4.3 De klacht is derhalve gegrond. Dit leidt tot ernstige verwijten aan de gerechtsdeurwaarders. Er is daarom aanleiding de hierna te noemen maatregel op te leggen.

BESLISSING:

De Kamer voor Gerechtsdeurwaarders:

- verklaart de klacht gegrond;

- legt aan de gerechtsdeurwaarders de maatregel van berisping op met aanzegging dat, indien andermaal door hen een van de in artikel 34, eerste lid van de Gerechtsdeurwaarderswet bedoelde handelingen of verzuimen worden gepleegd, een geldboete, een schorsing of ontzetting uit het ambt zal worden overwogen.

Aldus gegeven door mr. H.C. Hoogeveen, plaatsvervangend-voorzitter en mr.
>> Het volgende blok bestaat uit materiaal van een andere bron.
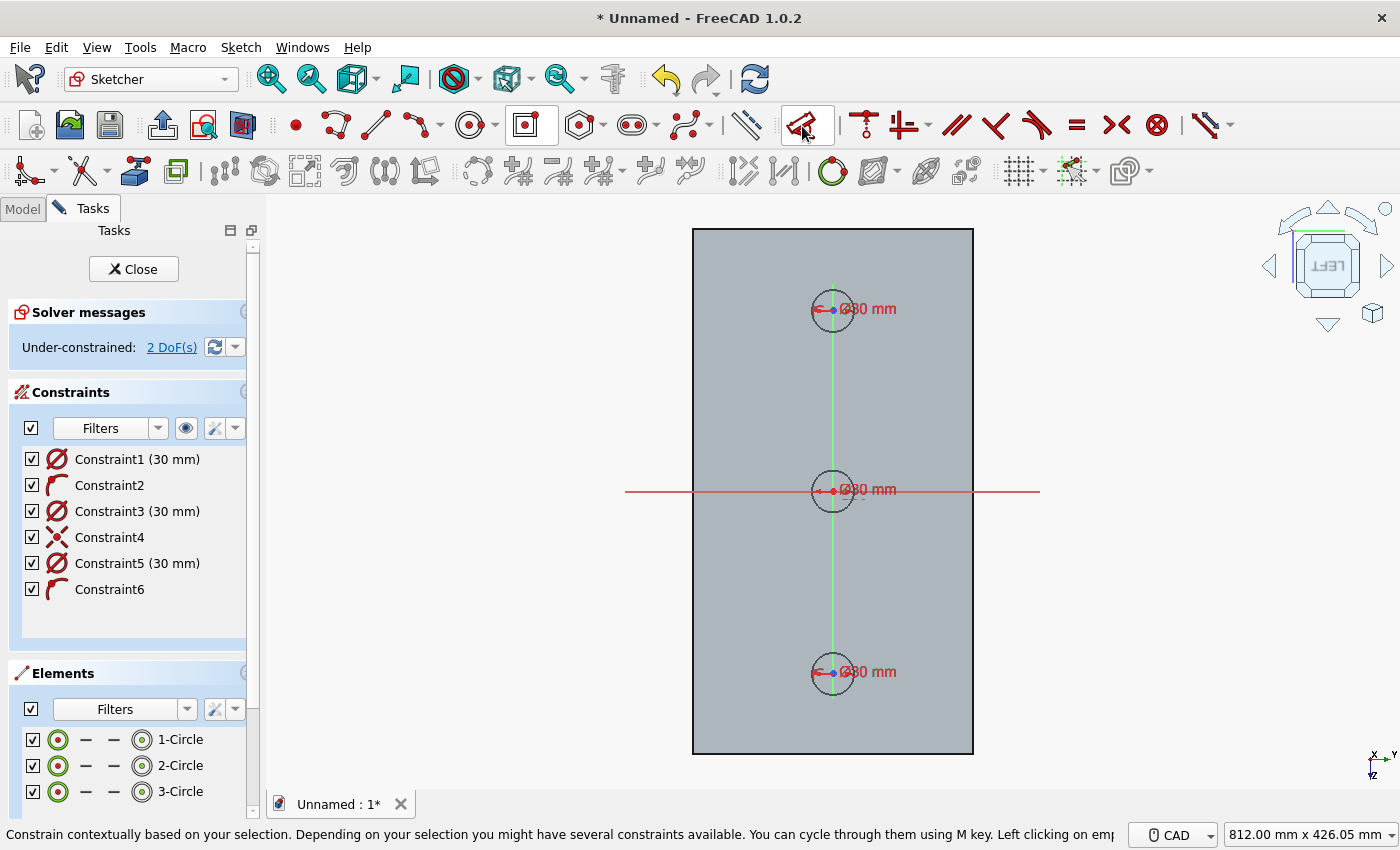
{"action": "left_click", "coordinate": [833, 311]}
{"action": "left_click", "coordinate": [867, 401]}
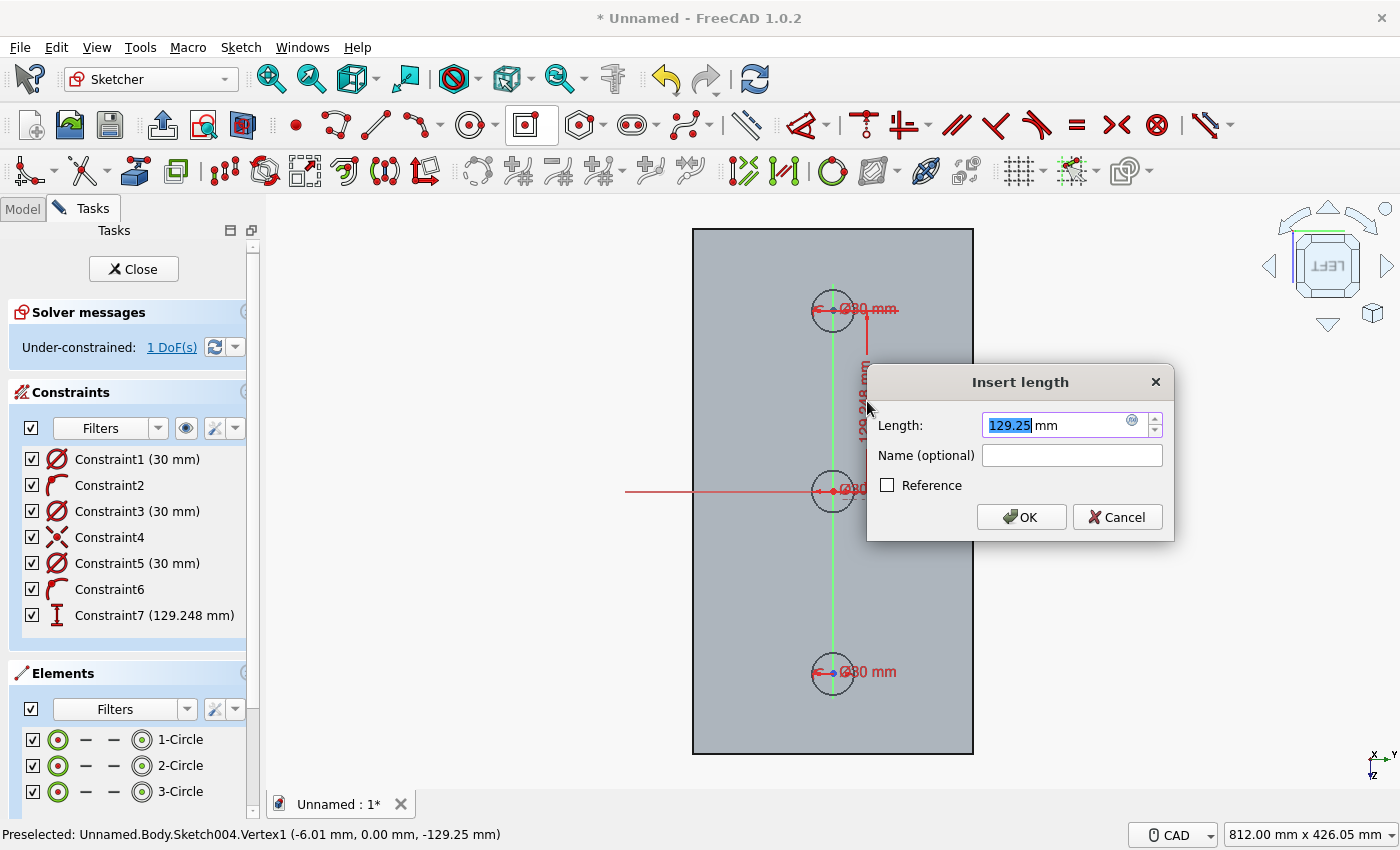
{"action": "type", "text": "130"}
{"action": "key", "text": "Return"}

G.H.I.J. Hage en N.J.M. Tijhuis (plaatsvervangend) leden, en uitgesproken ter openbare terechtzitting van 28 oktober 2008 in tegenwoordigheid van de secretaris.

Tegen deze beslissing kan binnen dertig dagen na dagtekening van verzending van het afschrift van de beslissing hoger beroep worden ingesteld bij het Gerechtshof te Amsterdam, postbus 1312, 1000 BH Amsterdam.